Alexian aurait voulu crier. Le plus fort possible, se faire entendre de la vieille gardienne pour qu'elle prévienne la police. La douleur était bien plus forte, elle le paralysait, l'empêchait de s'exprimer. Il était seul face à son bourreau.

- Je ne sais pas... De... Quoi... Vous me parlez.

Une profonde inspiration. Une très longue expiration. Il n'en fallut pas plus pour annoncer la suite. Un poing rageur percuta l'estomac du bâillonné, encore et encore. Alexian toussa. Du sang coulait le long du menton du jeune garçon. plusieurs goutte s’écrasèrent sur son jean.

- Putain de con de merde ! Fous-toi ta fierté au cul !

Le Russe essaya de sourire. Cette tentative vexa le sanguinaire. Il saisit une seringue et déversa le liquide transparent dans les cuisses du jeune homme. Barre en fer entre les mains, le métal s'abattit lourdement sur les genoux. Plusieurs craquements se firent entendre. L'objet traversa l'appartement, l'homme marcha dans le couloir, marmonnant.

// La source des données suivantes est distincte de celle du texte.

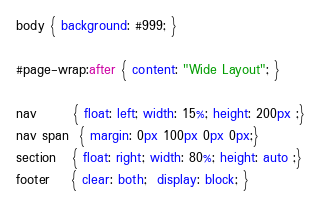<code> <loc_0><loc_0><loc_500><loc_500><_CSS_>body { background: #999; }

#page-wrap:after { content: "Wide Layout"; }

nav       { float: left; width: 15%; height: 200px ;}
nav span  { margin: 0px 100px 0px 0px;}
section   { float: right; width: 80%; height: auto ;}
footer    { clear: both;  display: block; }
</code> 
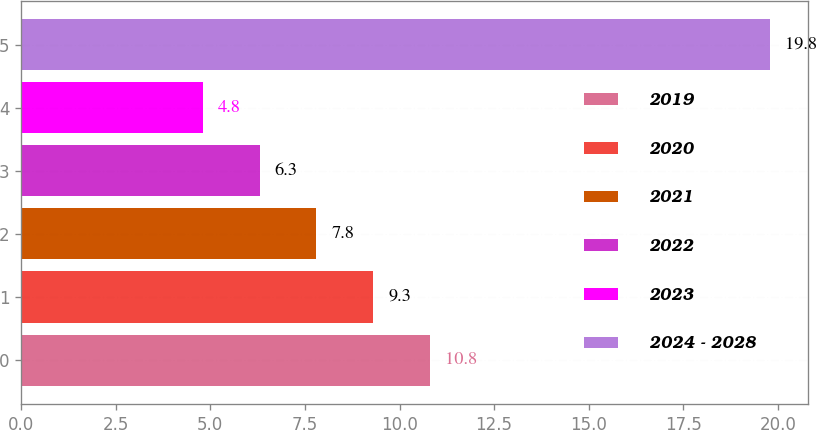Convert chart. <chart><loc_0><loc_0><loc_500><loc_500><bar_chart><fcel>2019<fcel>2020<fcel>2021<fcel>2022<fcel>2023<fcel>2024 - 2028<nl><fcel>10.8<fcel>9.3<fcel>7.8<fcel>6.3<fcel>4.8<fcel>19.8<nl></chart> 
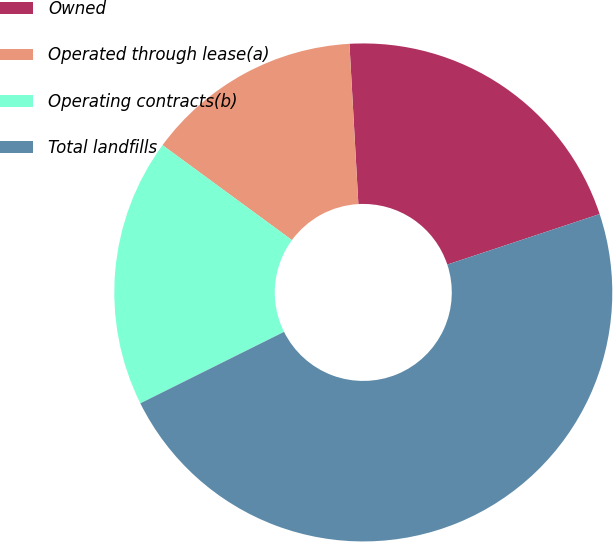Convert chart. <chart><loc_0><loc_0><loc_500><loc_500><pie_chart><fcel>Owned<fcel>Operated through lease(a)<fcel>Operating contracts(b)<fcel>Total landfills<nl><fcel>20.79%<fcel>14.04%<fcel>17.42%<fcel>47.75%<nl></chart> 
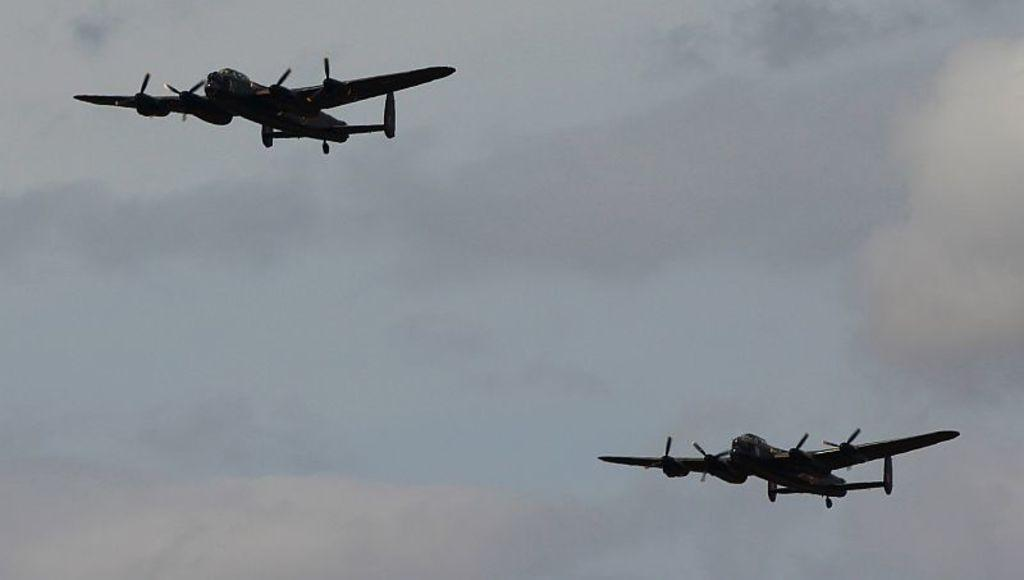How many airplanes are visible in the picture? There are two airplanes in the picture. What is the condition of the sky in the background? The sky in the background is cloudy. Can you tell me the direction the tiger is facing in the image? There is no tiger present in the image. Is the island visible in the picture? There is no island present in the image. 
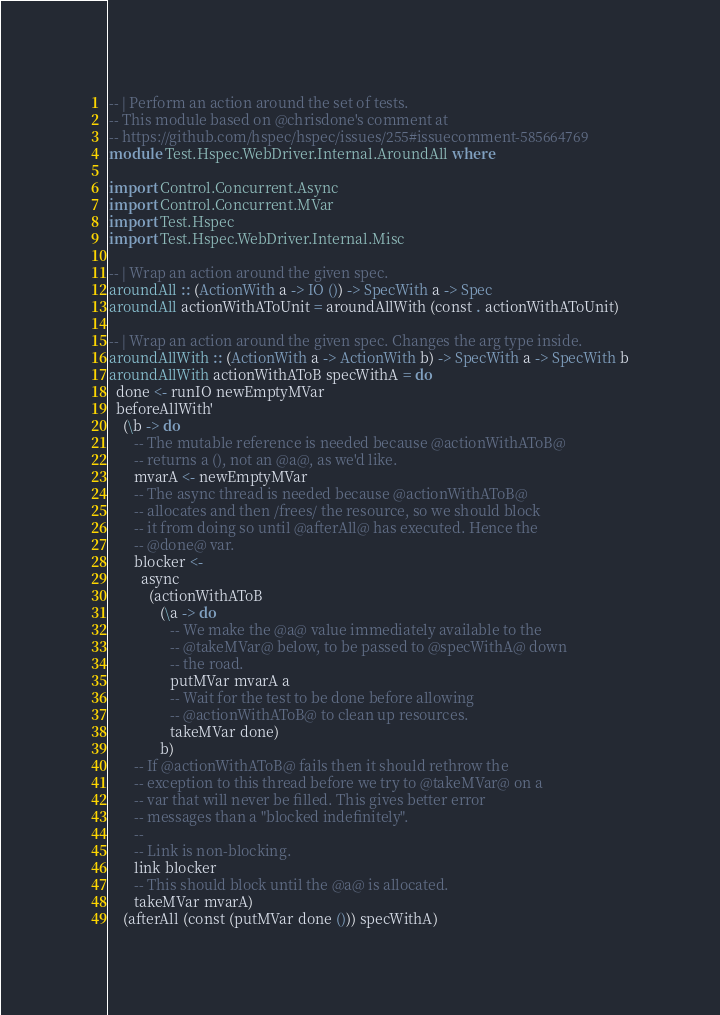Convert code to text. <code><loc_0><loc_0><loc_500><loc_500><_Haskell_>-- | Perform an action around the set of tests.
-- This module based on @chrisdone's comment at
-- https://github.com/hspec/hspec/issues/255#issuecomment-585664769
module Test.Hspec.WebDriver.Internal.AroundAll where

Le pauvre informaticien n'avait plus la force d'appeler à l'aide, plus la force de rien. Il n'arrivait même pas à gémir. Il savait qu'il ne survivrait pas. Mais il devait protéger les personnes ciblées par les données dont il avait eu connaissances, il n'avait pas le choix.

- J'ai... De la...

- Je ne t'entends pas. Parle plus fort.

Le meurtrier regagna le salon. Sa tête s'arrêta si près d'Alexian qu'il pouvait sentir l'odeur du sang frais de son jouet.

- Répète sale petit con.

Un nouveau sourire se dessina sur le visage ensanglanté et meurtri du torturé.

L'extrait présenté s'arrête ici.